People get held for an alleged crime all the time. In the subject case, it turns out there was no crime.
So what is the authority to hold him? The argument is this ongoing dangerousness needs an actual crime and conviction to be ongoing from.
People get held for an alleged crime all the time
Yes, as I said. The question I'm asking is, given that people get held (in jail) for an alleged crime all the time, how can you write :
But we do not lock people up - even terrible people - unless and until they have been charged with violating the law and have been found, beyond a reasonable doubt, to have done so by a jury of their peers.
and hold down a job as a law professor ?
It is the protection of rights for the people that seem the least deserving that is key to a just society.
As is said with the First Amendment, no one has to protect nice speech we agree with.
If we do not ensure due process for all, then eventually we will end up with due process for none. That is simply the way power and government tends to work,
"If we do not ensure due process for all, then eventually we will end up with due process for none.
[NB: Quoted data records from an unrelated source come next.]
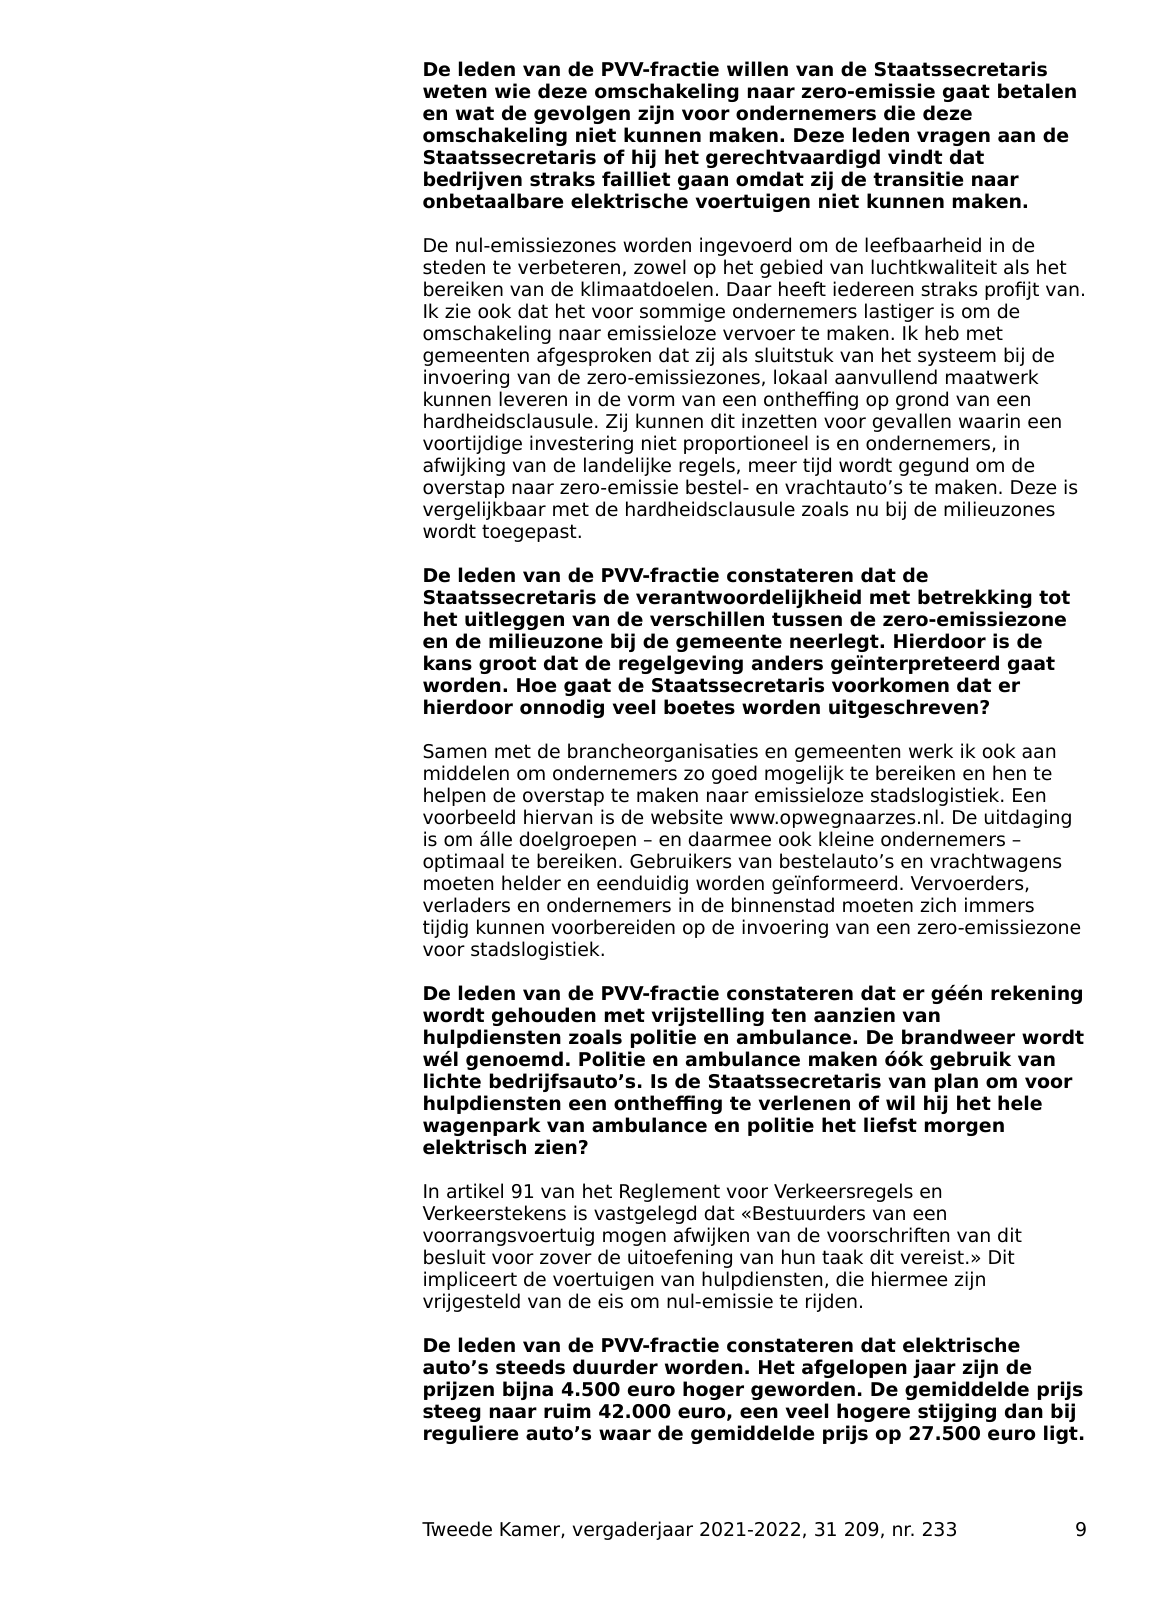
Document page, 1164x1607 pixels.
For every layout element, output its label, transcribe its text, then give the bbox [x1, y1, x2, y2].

text De nul-emissiezones worden ingevoerd om de leefbaarheid in de steden te verbeteren, zowel op het gebied van luchtkwaliteit als het bereiken van de klimaatdoelen. Daar heeft iedereen straks profijt van. Ik zie ook dat het voor sommige ondernemers lastiger is om de omschakeling naar emissieloze vervoer te maken. Ik heb met gemeenten afgesproken dat zij als sluitstuk van het systeem bij de invoering van de zero-emissiezones, lokaal aanvullend maatwerk kunnen leveren in de vorm van een ontheffing op grond van een hardheidsclausule. Zij kunnen dit inzetten voor gevallen waarin een voortijdige investering niet proportioneel is en ondernemers, in afwijking van de landelijke regels, meer tijd wordt gegund om de overstap naar zero-emissie bestel- en vrachtauto’s te maken. Deze is vergelijkbaar met de hardheidsclausule zoals nu bij de milieuzones wordt toegepast. [422, 235, 1087, 543]
text De leden van de PVV-fractie willen van de Staatssecretaris weten wie deze omschakeling naar zero-emissie gaat betalen en wat de gevolgen zijn voor ondernemers die deze omschakeling niet kunnen maken. Deze leden vragen aan de Staatssecretaris of hij het gerechtvaardigd vindt dat bedrijven straks failliet gaan omdat zij de transitie naar onbetaalbare elektrische voertuigen niet kunnen maken. [422, 59, 1087, 213]
text De leden van de PVV-fractie constateren dat er géén rekening wordt gehouden met vrijstelling ten aanzien van hulpdiensten zoals politie en ambulance. De brandweer wordt wél genoemd. Politie en ambulance maken óók gebruik van lichte bedrijfsauto’s. Is de Staatssecretaris van plan om voor hulpdiensten een ontheffing te verlenen of wil hij het hele wagenpark van ambulance en politie het liefst morgen elektrisch zien? [422, 983, 1087, 1159]
text Samen met de brancheorganisaties en gemeenten werk ik ook aan middelen om ondernemers zo goed mogelijk te bereiken en hen te helpen de overstap te maken naar emissieloze stadslogistiek. Een voorbeeld hiervan is de website www.opwegnaarzes.nl. De uitdaging is om álle doelgroepen – en daarmee ook kleine ondernemers – optimaal te bereiken. Gebruikers van bestelauto’s en vrachtwagens moeten helder en eenduidig worden geïnformeerd. Vervoerders, verladers en ondernemers in de binnenstad moeten zich immers tijdig kunnen voorbereiden op de invoering van een zero-emissiezone voor stadslogistiek. [422, 741, 1087, 961]
text De leden van de PVV-fractie constateren dat de Staatssecretaris de verantwoordelijkheid met betrekking tot het uitleggen van de verschillen tussen de zero-emissiezone en de milieuzone bij de gemeente neerlegt. Hierdoor is de kans groot dat de regelgeving anders geïnterpreteerd gaat worden. Hoe gaat de Staatssecretaris voorkomen dat er hierdoor onnodig veel boetes worden uitgeschreven? [422, 565, 1087, 719]
text De leden van de PVV-fractie constateren dat elektrische auto’s steeds duurder worden. Het afgelopen jaar zijn de prijzen bijna 4.500 euro hoger geworden. De gemiddelde prijs steeg naar ruim 42.000 euro, een veel hogere stijging dan bij reguliere auto’s waar de gemiddelde prijs op 27.500 euro ligt. [422, 1335, 1087, 1445]
text In artikel 91 van het Reglement voor Verkeersregels en Verkeerstekens is vastgelegd dat «Bestuurders van een voorrangsvoertuig mogen afwijken van de voorschriften van dit besluit voor zover de uitoefening van hun taak dit vereist.» Dit impliceert de voertuigen van hulpdiensten, die hiermee zijn vrijgesteld van de eis om nul-emissie te rijden. [422, 1181, 1087, 1313]

That is simply the way power and government tends to work"
Fortunately, we can still cheat and decide what "process" is actually "due".
Right, we don't want process that inappropriately favors the accused and lets authorities ignore their responsibility to respond promptly and fairly to complaints about sexual violence.
Rumor has it there are 40 people held at a military base in Cuba who haven't been getting due process for about 15 years.
Might as well clean the place out and execute them.
For almost a hundred years states utilized an informal civil commitment process in which a family member or friend could petition a court to have someone committed to an insane asylum. The application would be supported by a physician's certificate stating the individual was "insane," or a "lunatick" and away they went. No jury and no reasonable doubt standard.
I say this not to justify the current instance, but rather to place it (albeit only briefly) in a broader historical context. The "sky is falling" rhetoric that is used may be a bit hyperbolic, which is pretty much par for the course when blogging about your legal niche.
Frances Farmer would have disagreed, if her brain hadn't been electrically fried and she hadn't been so busy getting gang-banged in a "mental health" hospital.